GALT deficiency has no known cure; treatment is a lifelong galactose-free diet for the most badly afflicted patients. Patients do better when a modified diet is identified early on and put into practice. The amount of leftover GALT enzyme activity dictates how much food is restricted. Patients with greater residual enzyme activity levels usually tolerate greater amounts of galactose in the diet. Dietary restrictions are often eased as patients age. The therapy of patients with galactosemia in adulthood remains unclear despite the rise in patient identification and bettering patient outcomes.

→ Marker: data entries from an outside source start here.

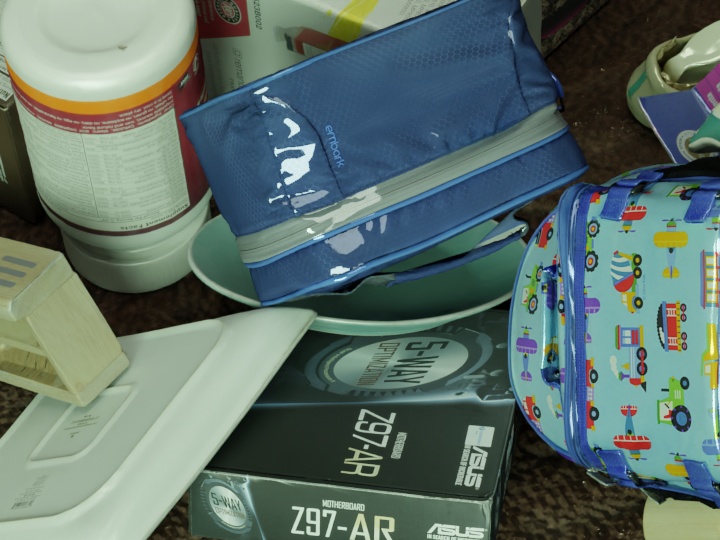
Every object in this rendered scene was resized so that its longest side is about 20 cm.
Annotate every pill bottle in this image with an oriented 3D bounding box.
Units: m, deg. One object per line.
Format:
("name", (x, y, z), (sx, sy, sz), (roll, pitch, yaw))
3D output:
("pill bottle", (-0.139, -0.082, 1.441), (0.109, 0.200, 0.110), (-2, 53, 2))

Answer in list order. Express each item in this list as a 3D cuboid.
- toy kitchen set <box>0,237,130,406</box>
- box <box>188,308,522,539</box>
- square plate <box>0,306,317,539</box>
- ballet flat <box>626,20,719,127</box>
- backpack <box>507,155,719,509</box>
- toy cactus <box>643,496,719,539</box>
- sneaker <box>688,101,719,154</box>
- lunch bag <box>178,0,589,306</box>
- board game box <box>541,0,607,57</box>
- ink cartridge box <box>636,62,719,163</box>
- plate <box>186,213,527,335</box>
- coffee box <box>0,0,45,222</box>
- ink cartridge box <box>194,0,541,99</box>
("toy kitchen set", (-0.277, 0.038, 1.343), (0.200, 0.163, 0.180), (-45, 33, -25))
("box", (0.005, 0.081, 1.360), (0.160, 0.044, 0.200), (6, 29, 9))
("square plate", (-0.140, 0.091, 1.338), (0.200, 0.028, 0.198), (-12, 32, 47))
("ballet flat", (0.258, -0.139, 1.542), (0.200, 0.070, 0.070), (-20, 55, -11))
("backpack", (0.153, 0.028, 1.301), (0.134, 0.183, 0.200), (-2, 6, -43))
("toy cactus", (0.236, 0.138, 1.337), (0.165, 0.102, 0.200), (0, 54, 28))
("sneaker", (0.253, -0.021, 1.349), (0.093, 0.070, 0.200), (-37, 71, 12))
("lunch bag", (0.021, -0.061, 1.333), (0.200, 0.136, 0.133), (-23, 95, -19))
("board game box", (0.092, -0.232, 1.538), (0.097, 0.200, 0.159), (34, 63, 26))
("ink cartridge box", (0.285, -0.046, 1.426), (0.200, 0.043, 0.197), (-11, 60, -35))
("plate", (0.000, 0.000, 1.439), (0.199, 0.026, 0.200), (3, 23, -1))
("coffee box", (-0.175, -0.143, 1.544), (0.080, 0.115, 0.200), (29, 61, 22))
("ink cartridge box", (0.002, -0.136, 1.506), (0.200, 0.145, 0.083), (22, 58, 19))
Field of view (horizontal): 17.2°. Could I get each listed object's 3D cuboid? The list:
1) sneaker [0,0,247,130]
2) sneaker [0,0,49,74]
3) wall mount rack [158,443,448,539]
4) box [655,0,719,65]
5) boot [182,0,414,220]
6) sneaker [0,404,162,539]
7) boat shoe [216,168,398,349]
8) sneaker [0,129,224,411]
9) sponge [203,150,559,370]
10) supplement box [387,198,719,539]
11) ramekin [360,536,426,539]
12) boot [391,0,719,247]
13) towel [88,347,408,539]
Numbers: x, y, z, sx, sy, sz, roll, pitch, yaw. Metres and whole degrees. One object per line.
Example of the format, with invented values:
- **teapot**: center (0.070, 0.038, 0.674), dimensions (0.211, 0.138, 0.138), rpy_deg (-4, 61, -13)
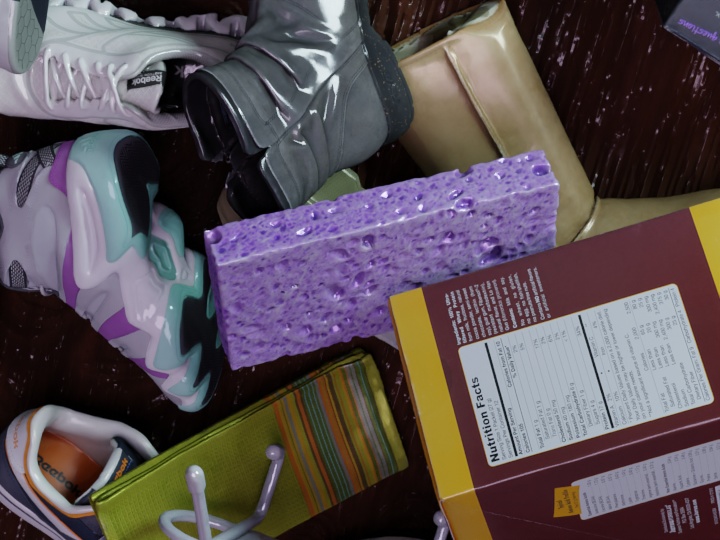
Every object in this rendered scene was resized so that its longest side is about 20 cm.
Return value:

Following diagnosis, patients are frequently given calcium and vitamin D3 supplements. It is unclear how the illness may develop over time in terms of growth delays, ataxia, and female ovarian failure. Patients with GALT deficiency are routinely monitored for the presence of cataracts with an ophthalmologic examination, speech assessment (if developmental verbal dyspraxia is evident), and measurements of metabolite levels (galactose 1-phosphate in red blood cells and galactitol in urine) to assess the efficacy and adherence to dietary therapy.
Conclusion
The most prevalent kind of galactosemia is known as galactose-1-phosphate uridylyltransferase deficiency or classic galactosemia. It is an inborn disorder in galactose metabolism brought on by a lack of the enzyme galactose-1-phosphate uridylyltransferase. If left untreated, this autosomal recessive metabolic abnormality can result in liver damage and even death. The best results from treating galactosemia are starting treatment early and limiting lactose in the diet. Galactosemia is included in newborn screening programs in many places since early intervention is crucial. During initial screening, which often entails determining the blood galactose concentration, galactokinase deficiency, galactose epimerase deficiency, and other inborn defects of galactose metabolism may be confused with classic galactosemia.